[Start of Attachment]
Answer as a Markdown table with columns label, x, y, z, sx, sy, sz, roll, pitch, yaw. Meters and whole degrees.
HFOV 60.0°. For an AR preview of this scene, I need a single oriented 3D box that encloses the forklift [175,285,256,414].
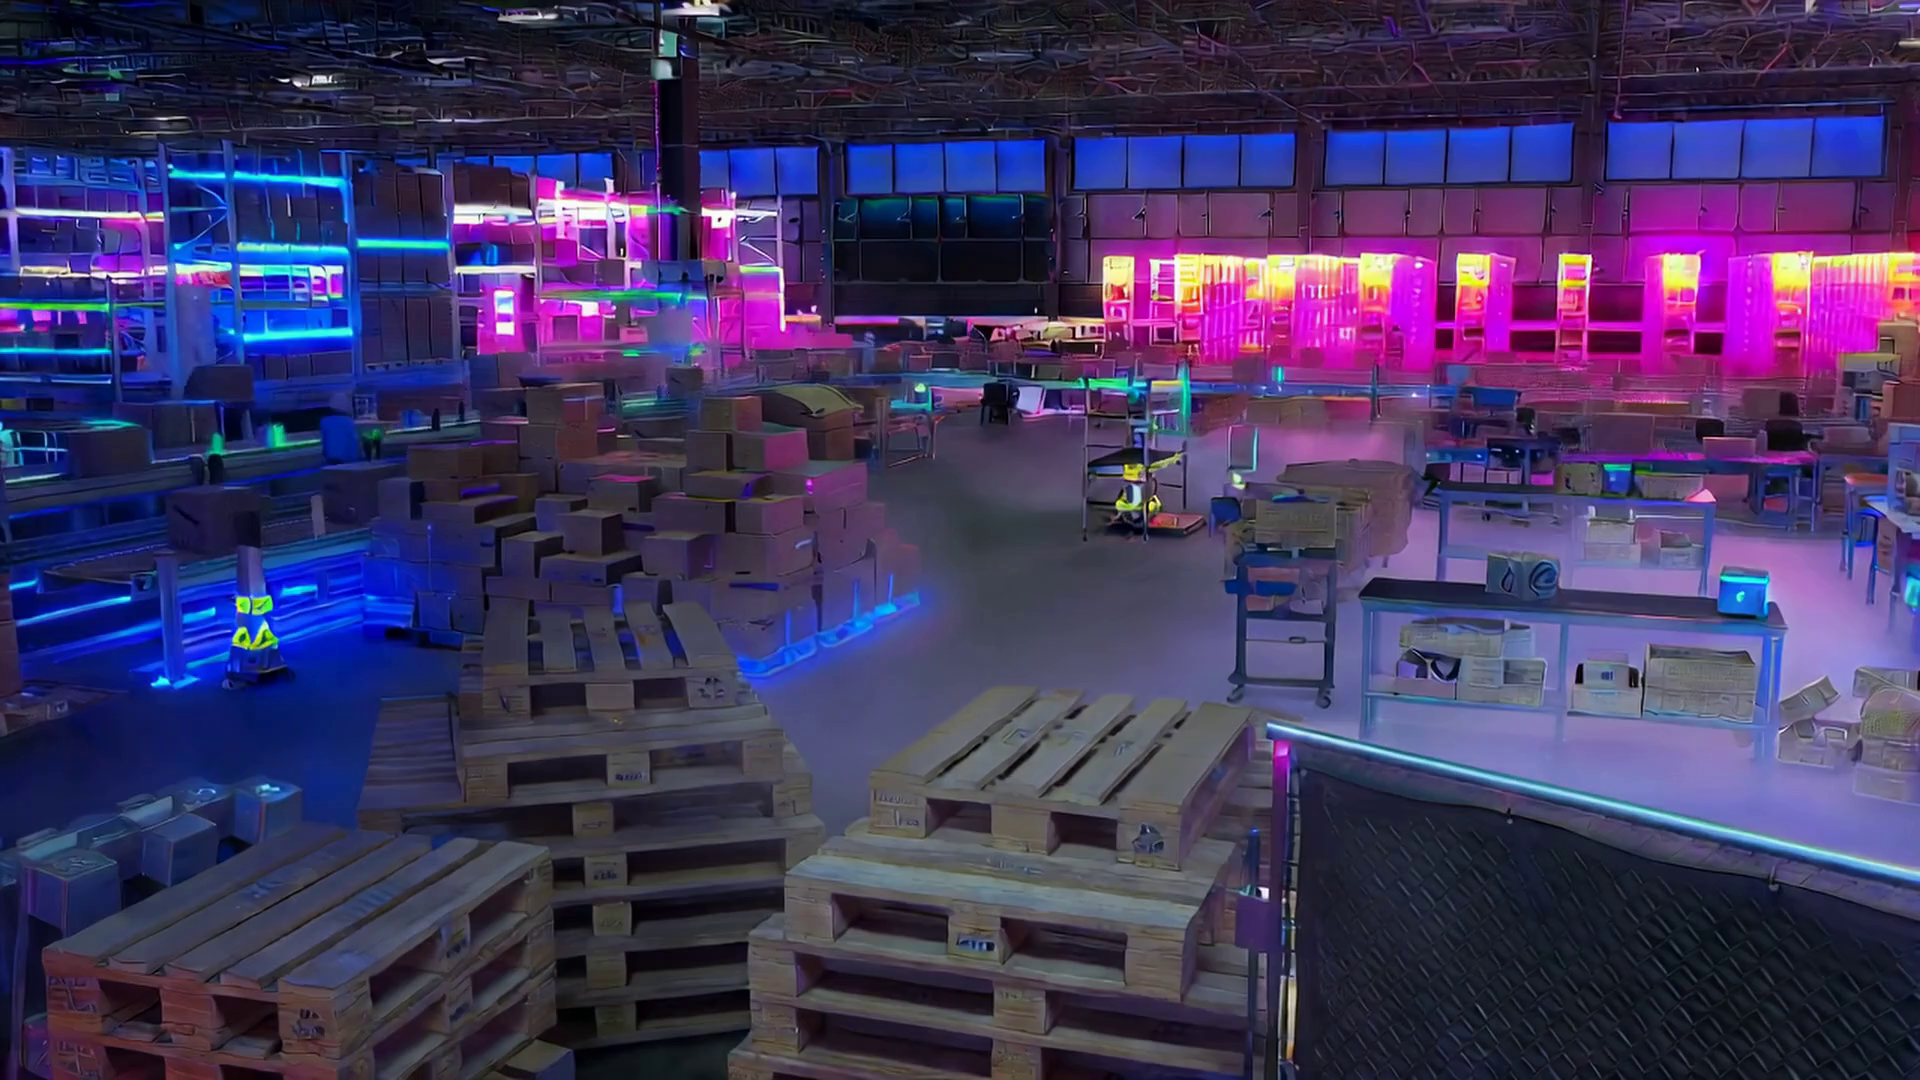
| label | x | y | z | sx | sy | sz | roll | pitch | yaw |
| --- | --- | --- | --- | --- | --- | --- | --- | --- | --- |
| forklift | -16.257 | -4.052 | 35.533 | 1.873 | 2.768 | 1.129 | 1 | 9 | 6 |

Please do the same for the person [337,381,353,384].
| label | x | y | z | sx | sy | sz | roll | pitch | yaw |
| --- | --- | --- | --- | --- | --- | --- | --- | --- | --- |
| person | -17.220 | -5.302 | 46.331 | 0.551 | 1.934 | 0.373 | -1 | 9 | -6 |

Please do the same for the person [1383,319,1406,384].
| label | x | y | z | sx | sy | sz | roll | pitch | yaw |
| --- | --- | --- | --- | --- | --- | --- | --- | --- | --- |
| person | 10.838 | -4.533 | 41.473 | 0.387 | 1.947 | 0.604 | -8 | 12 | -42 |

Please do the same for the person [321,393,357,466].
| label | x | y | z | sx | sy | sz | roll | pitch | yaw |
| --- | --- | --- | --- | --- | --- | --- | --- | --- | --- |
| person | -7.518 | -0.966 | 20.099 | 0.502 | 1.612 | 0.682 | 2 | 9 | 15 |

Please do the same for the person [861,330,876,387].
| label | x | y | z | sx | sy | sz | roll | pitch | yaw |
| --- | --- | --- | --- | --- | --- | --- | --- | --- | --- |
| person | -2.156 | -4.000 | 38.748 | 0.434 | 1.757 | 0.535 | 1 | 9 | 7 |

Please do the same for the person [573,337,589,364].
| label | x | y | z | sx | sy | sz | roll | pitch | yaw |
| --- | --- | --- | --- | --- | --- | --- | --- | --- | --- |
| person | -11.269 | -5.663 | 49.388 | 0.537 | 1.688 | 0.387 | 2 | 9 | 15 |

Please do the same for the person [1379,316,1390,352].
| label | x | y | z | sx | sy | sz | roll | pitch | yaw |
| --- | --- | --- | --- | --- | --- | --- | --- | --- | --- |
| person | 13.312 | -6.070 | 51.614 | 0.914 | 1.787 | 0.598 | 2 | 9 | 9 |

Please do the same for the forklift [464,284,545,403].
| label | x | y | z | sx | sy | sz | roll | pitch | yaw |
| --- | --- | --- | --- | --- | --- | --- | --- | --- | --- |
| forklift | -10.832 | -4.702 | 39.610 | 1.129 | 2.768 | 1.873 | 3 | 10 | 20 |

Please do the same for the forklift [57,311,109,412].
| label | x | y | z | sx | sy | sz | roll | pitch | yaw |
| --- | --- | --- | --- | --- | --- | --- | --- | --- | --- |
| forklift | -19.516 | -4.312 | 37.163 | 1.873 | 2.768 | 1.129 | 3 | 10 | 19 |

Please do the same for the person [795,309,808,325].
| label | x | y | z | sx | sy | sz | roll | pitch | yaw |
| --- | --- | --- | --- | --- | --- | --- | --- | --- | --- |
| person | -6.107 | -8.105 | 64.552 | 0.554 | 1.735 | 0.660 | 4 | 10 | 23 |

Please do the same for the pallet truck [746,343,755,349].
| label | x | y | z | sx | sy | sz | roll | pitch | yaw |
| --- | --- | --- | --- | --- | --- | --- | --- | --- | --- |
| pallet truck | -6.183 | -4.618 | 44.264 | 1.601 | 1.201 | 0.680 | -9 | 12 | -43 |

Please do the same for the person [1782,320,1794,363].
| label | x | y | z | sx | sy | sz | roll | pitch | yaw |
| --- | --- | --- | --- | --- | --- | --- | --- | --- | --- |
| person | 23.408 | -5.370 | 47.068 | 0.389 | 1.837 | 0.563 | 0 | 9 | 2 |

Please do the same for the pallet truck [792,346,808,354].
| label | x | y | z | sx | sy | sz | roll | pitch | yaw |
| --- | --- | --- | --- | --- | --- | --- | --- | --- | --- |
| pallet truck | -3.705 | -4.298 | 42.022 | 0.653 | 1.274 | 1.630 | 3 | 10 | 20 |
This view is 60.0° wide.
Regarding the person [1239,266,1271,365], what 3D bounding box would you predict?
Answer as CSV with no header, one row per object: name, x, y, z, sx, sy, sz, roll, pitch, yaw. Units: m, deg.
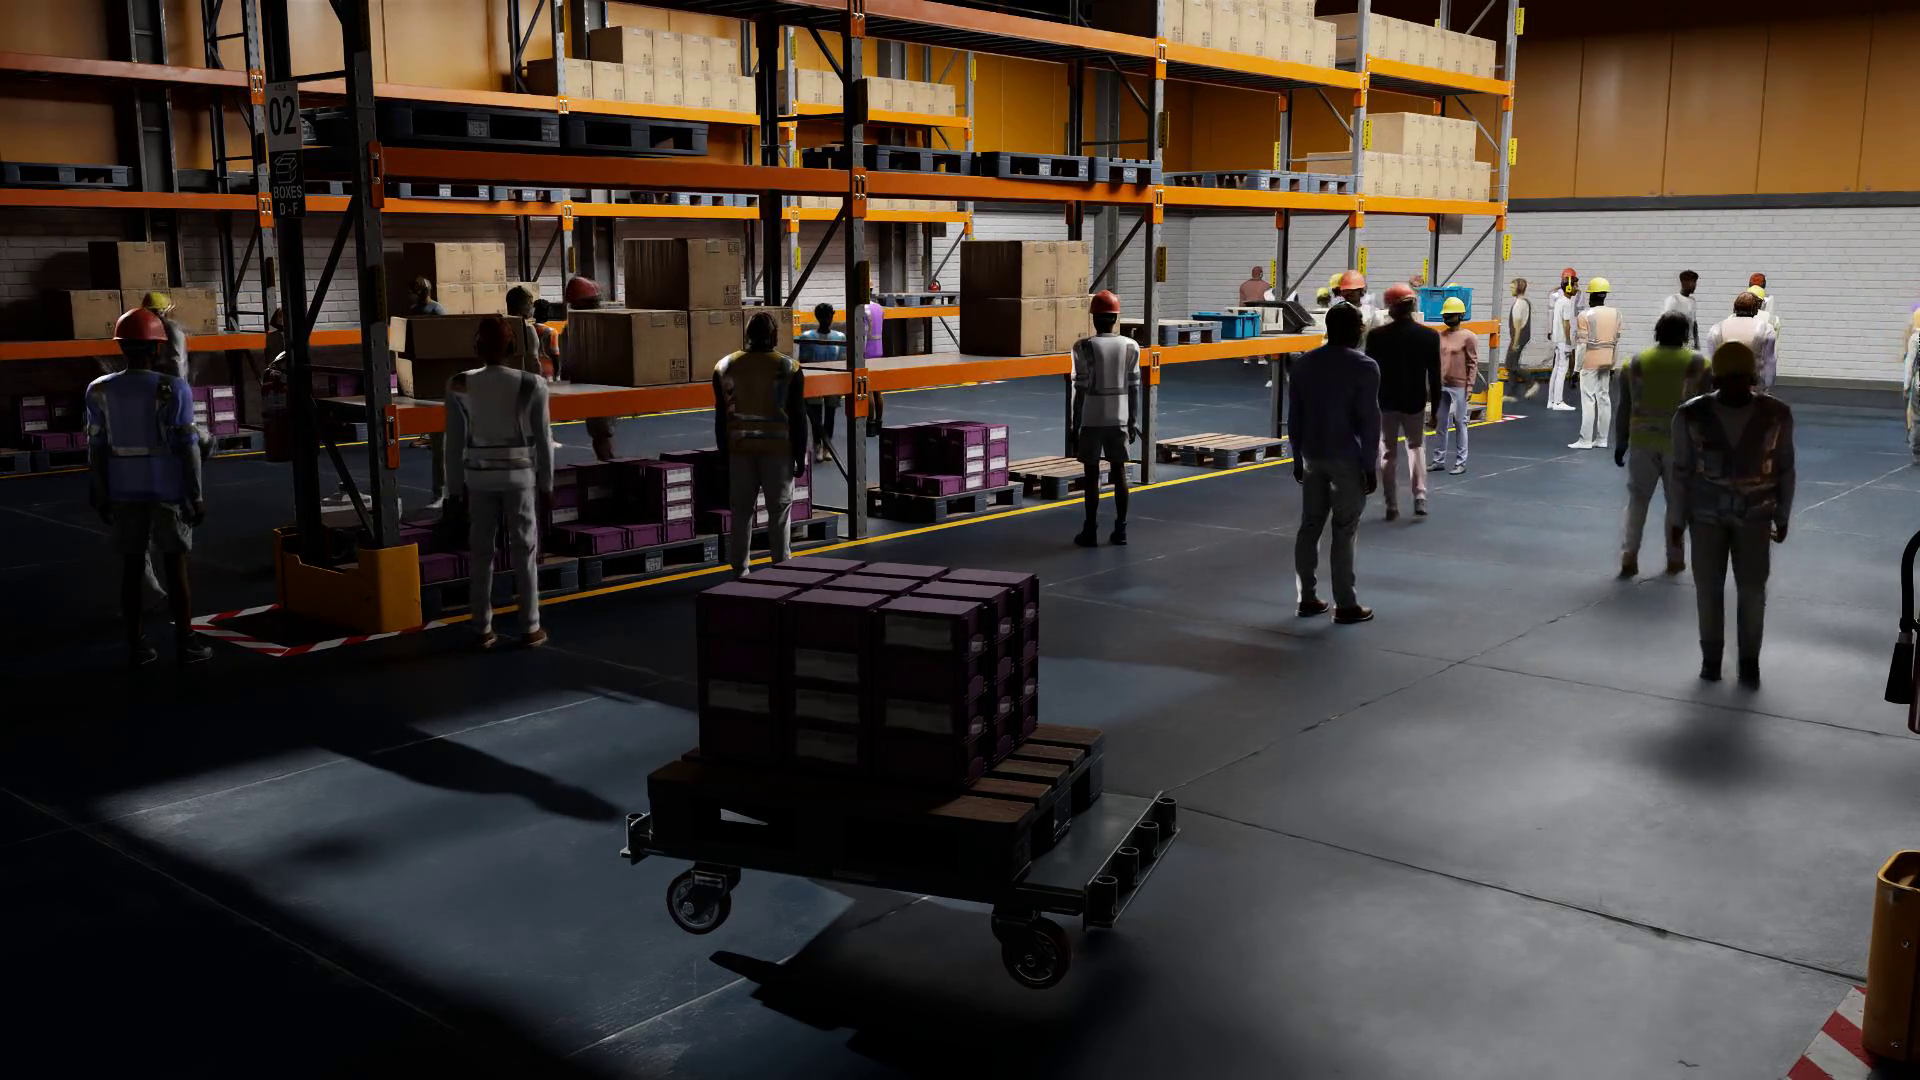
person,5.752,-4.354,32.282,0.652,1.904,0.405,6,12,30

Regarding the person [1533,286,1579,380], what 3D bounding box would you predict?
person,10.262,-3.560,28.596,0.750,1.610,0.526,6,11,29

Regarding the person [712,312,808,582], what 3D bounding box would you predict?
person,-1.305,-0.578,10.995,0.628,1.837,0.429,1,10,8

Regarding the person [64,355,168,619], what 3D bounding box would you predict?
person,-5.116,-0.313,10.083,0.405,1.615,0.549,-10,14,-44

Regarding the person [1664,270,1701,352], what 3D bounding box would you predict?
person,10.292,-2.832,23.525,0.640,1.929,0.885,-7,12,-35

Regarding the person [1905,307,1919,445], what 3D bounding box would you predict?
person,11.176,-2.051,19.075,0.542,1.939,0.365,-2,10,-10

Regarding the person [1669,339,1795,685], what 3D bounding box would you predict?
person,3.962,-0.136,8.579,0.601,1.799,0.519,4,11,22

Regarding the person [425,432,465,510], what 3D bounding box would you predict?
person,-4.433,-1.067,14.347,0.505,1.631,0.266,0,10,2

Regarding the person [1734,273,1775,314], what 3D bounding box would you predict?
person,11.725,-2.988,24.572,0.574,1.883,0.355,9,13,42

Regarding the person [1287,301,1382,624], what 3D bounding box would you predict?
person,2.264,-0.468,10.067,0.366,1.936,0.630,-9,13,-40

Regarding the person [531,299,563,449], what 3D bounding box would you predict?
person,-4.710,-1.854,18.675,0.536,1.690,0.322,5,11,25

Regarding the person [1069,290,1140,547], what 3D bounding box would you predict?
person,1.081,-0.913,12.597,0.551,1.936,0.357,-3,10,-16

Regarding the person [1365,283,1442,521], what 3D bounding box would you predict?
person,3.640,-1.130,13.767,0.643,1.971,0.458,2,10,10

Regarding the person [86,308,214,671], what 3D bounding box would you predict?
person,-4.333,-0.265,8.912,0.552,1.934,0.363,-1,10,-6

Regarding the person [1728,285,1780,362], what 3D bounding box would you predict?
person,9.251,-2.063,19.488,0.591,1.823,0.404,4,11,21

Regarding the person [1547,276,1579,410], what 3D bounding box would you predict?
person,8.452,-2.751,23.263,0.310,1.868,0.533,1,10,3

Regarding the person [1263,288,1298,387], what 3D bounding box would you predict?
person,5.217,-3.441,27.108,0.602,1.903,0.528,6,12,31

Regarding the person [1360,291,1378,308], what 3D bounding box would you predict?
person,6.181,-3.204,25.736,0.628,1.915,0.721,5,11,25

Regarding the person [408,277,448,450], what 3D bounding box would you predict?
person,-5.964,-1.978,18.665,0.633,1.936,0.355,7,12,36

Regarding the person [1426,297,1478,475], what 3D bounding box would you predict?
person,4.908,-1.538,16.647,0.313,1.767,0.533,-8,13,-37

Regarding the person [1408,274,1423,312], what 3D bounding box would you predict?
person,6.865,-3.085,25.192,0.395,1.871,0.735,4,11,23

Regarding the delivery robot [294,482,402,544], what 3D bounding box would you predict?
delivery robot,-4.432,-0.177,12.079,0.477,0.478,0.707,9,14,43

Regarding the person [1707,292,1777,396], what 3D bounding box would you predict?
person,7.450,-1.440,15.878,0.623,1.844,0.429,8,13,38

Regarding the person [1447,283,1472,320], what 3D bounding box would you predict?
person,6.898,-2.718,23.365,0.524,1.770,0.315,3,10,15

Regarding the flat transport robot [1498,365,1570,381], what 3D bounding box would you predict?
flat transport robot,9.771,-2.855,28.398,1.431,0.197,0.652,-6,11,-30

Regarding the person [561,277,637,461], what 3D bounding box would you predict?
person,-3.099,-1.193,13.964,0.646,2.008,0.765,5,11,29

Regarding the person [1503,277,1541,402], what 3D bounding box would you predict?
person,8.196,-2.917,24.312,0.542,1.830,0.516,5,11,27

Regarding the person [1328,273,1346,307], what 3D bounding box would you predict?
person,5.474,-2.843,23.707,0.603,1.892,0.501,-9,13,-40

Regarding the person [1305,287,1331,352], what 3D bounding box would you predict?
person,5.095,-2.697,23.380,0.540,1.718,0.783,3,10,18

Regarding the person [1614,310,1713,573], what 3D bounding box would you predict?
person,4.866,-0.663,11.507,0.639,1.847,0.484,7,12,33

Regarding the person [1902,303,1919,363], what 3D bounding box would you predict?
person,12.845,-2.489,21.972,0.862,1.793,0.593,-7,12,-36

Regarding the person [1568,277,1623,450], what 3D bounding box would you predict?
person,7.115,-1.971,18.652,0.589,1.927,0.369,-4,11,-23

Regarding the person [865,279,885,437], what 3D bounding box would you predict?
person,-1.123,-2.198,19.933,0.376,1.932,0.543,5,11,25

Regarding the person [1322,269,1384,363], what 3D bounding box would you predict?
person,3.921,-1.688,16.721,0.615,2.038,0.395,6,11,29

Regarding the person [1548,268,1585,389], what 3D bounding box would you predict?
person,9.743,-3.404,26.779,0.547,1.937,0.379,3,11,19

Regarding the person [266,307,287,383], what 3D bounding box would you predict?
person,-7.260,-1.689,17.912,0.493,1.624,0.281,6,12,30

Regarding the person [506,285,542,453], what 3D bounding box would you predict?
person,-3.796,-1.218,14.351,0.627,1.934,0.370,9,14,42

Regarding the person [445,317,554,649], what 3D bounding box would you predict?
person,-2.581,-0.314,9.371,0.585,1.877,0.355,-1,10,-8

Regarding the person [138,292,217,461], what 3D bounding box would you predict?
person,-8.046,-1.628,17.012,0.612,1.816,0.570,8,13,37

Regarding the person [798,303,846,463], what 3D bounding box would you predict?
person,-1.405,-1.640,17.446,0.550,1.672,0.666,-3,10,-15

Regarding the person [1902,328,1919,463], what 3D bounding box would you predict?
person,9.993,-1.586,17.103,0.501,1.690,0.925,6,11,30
[End of Attachment]
Problem to work on ▸ Write out exactly those lines of the records above that lie from the one with "Regarding the person [1503,277,1541,402], what" through the last line, including both.

Exercise answer ▸
Regarding the person [1503,277,1541,402], what 3D bounding box would you predict?
person,8.196,-2.917,24.312,0.542,1.830,0.516,5,11,27

Regarding the person [1328,273,1346,307], what 3D bounding box would you predict?
person,5.474,-2.843,23.707,0.603,1.892,0.501,-9,13,-40

Regarding the person [1305,287,1331,352], what 3D bounding box would you predict?
person,5.095,-2.697,23.380,0.540,1.718,0.783,3,10,18

Regarding the person [1614,310,1713,573], what 3D bounding box would you predict?
person,4.866,-0.663,11.507,0.639,1.847,0.484,7,12,33

Regarding the person [1902,303,1919,363], what 3D bounding box would you predict?
person,12.845,-2.489,21.972,0.862,1.793,0.593,-7,12,-36

Regarding the person [1568,277,1623,450], what 3D bounding box would you predict?
person,7.115,-1.971,18.652,0.589,1.927,0.369,-4,11,-23

Regarding the person [865,279,885,437], what 3D bounding box would you predict?
person,-1.123,-2.198,19.933,0.376,1.932,0.543,5,11,25

Regarding the person [1322,269,1384,363], what 3D bounding box would you predict?
person,3.921,-1.688,16.721,0.615,2.038,0.395,6,11,29

Regarding the person [1548,268,1585,389], what 3D bounding box would you predict?
person,9.743,-3.404,26.779,0.547,1.937,0.379,3,11,19

Regarding the person [266,307,287,383], what 3D bounding box would you predict?
person,-7.260,-1.689,17.912,0.493,1.624,0.281,6,12,30

Regarding the person [506,285,542,453], what 3D bounding box would you predict?
person,-3.796,-1.218,14.351,0.627,1.934,0.370,9,14,42

Regarding the person [445,317,554,649], what 3D bounding box would you predict?
person,-2.581,-0.314,9.371,0.585,1.877,0.355,-1,10,-8

Regarding the person [138,292,217,461], what 3D bounding box would you predict?
person,-8.046,-1.628,17.012,0.612,1.816,0.570,8,13,37

Regarding the person [798,303,846,463], what 3D bounding box would you predict?
person,-1.405,-1.640,17.446,0.550,1.672,0.666,-3,10,-15

Regarding the person [1902,328,1919,463], what 3D bounding box would you predict?
person,9.993,-1.586,17.103,0.501,1.690,0.925,6,11,30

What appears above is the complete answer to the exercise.